EXERCISE GOAL
Which lines in the records below mention the word "pitch"? Copy each one out.

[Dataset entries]
BEGIN

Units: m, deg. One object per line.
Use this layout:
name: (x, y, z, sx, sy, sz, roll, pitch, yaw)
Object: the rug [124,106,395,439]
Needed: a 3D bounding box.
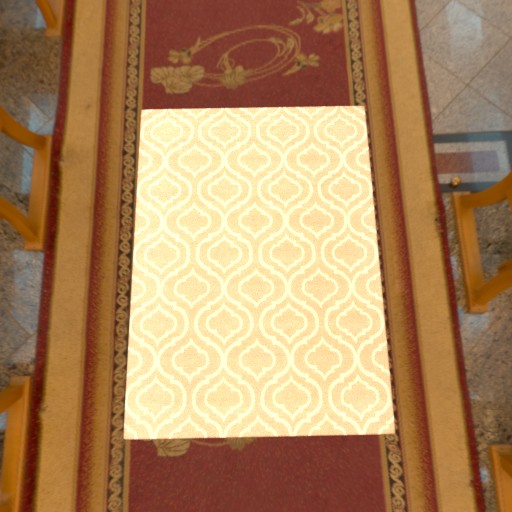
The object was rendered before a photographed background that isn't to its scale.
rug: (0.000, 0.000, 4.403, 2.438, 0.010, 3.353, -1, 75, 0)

END
BEGIN

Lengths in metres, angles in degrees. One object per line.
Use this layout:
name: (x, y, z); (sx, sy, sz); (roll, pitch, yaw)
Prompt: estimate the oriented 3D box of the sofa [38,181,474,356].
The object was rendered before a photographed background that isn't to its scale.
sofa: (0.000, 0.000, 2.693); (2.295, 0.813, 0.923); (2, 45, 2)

END

RESPONSE AREA
name: (x, y, z, sx, sy, sz, roll, pitch, yaw)
name: (x, y, z); (sx, sy, sz); (roll, pitch, yaw)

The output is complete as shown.